_Task instructions_.
Please reproduce all of the data exactly as it appears, but skip the pictures.

(Data extracted from a collection)

[Start of section]

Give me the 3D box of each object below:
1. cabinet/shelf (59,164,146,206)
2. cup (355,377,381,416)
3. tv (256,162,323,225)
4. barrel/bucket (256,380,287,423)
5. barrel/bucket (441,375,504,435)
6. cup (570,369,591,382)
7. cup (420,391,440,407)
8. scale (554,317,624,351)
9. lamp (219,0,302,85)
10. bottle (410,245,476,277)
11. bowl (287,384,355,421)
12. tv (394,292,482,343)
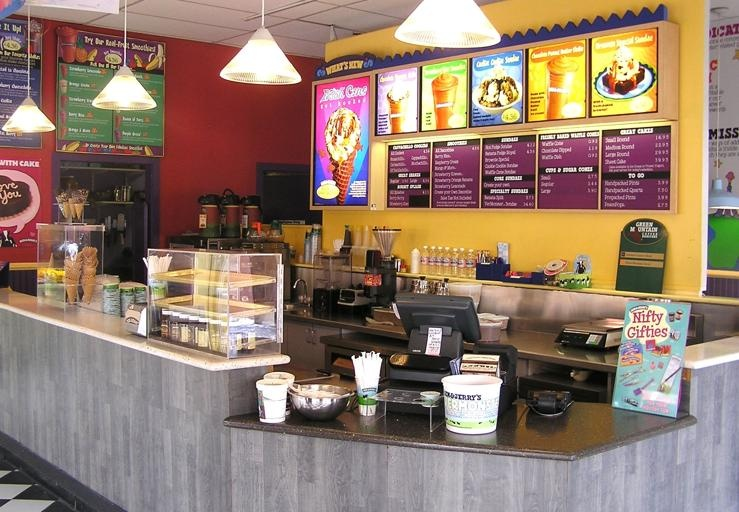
[{"bbox_3d":[-3.136,-0.848,7.083,0.949,0.562,0.486,-6,15,-34],"label":"cabinet/shelf"},{"bbox_3d":[-0.005,0.710,3.055,0.105,0.189,0.083,1,3,-1],"label":"cup"},{"bbox_3d":[-1.126,-0.887,8.282,0.903,0.994,0.080,-11,11,-27],"label":"tv"},{"bbox_3d":[-0.480,0.746,3.091,0.190,0.181,0.175,-3,-8,0],"label":"barrel/bucket"},{"bbox_3d":[0.464,0.693,2.856,0.257,0.185,0.269,0,1,0],"label":"barrel/bucket"},{"bbox_3d":[1.415,0.801,4.041,0.095,0.059,0.082,-3,-3,18],"label":"cup"},{"bbox_3d":[0.300,0.707,2.965,0.109,0.061,0.084,1,3,14],"label":"cup"},{"bbox_3d":[1.697,0.564,4.404,0.573,0.123,0.419,-2,3,-28],"label":"scale"},{"bbox_3d":[-0.643,-1.243,3.590,0.375,0.375,0.358,-1,3,-37],"label":"lamp"},{"bbox_3d":[0.694,0.049,5.559,0.691,0.278,0.190,3,3,42],"label":"bottle"},{"bbox_3d":[-0.243,0.747,3.095,0.333,0.147,0.321,1,3,0],"label":"bowl"},{"bbox_3d":[0.382,0.351,3.320,0.442,0.279,0.196,1,13,29],"label":"tv"}]

[End of section]

_Answer box_.
Give me the 3D box of each object below:
1. cabinet/shelf (59,164,146,206)
2. cup (355,377,381,416)
3. tv (256,162,323,225)
4. barrel/bucket (256,380,287,423)
5. barrel/bucket (441,375,504,435)
6. cup (570,369,591,382)
7. cup (420,391,440,407)
8. scale (554,317,624,351)
9. lamp (219,0,302,85)
10. bottle (410,245,476,277)
11. bowl (287,384,355,421)
12. tv (394,292,482,343)
[{"bbox_3d":[-3.136,-0.848,7.083,0.949,0.562,0.486,-6,15,-34],"label":"cabinet/shelf"},{"bbox_3d":[-0.005,0.710,3.055,0.105,0.189,0.083,1,3,-1],"label":"cup"},{"bbox_3d":[-1.126,-0.887,8.282,0.903,0.994,0.080,-11,11,-27],"label":"tv"},{"bbox_3d":[-0.480,0.746,3.091,0.190,0.181,0.175,-3,-8,0],"label":"barrel/bucket"},{"bbox_3d":[0.464,0.693,2.856,0.257,0.185,0.269,0,1,0],"label":"barrel/bucket"},{"bbox_3d":[1.415,0.801,4.041,0.095,0.059,0.082,-3,-3,18],"label":"cup"},{"bbox_3d":[0.300,0.707,2.965,0.109,0.061,0.084,1,3,14],"label":"cup"},{"bbox_3d":[1.697,0.564,4.404,0.573,0.123,0.419,-2,3,-28],"label":"scale"},{"bbox_3d":[-0.643,-1.243,3.590,0.375,0.375,0.358,-1,3,-37],"label":"lamp"},{"bbox_3d":[0.694,0.049,5.559,0.691,0.278,0.190,3,3,42],"label":"bottle"},{"bbox_3d":[-0.243,0.747,3.095,0.333,0.147,0.321,1,3,0],"label":"bowl"},{"bbox_3d":[0.382,0.351,3.320,0.442,0.279,0.196,1,13,29],"label":"tv"}]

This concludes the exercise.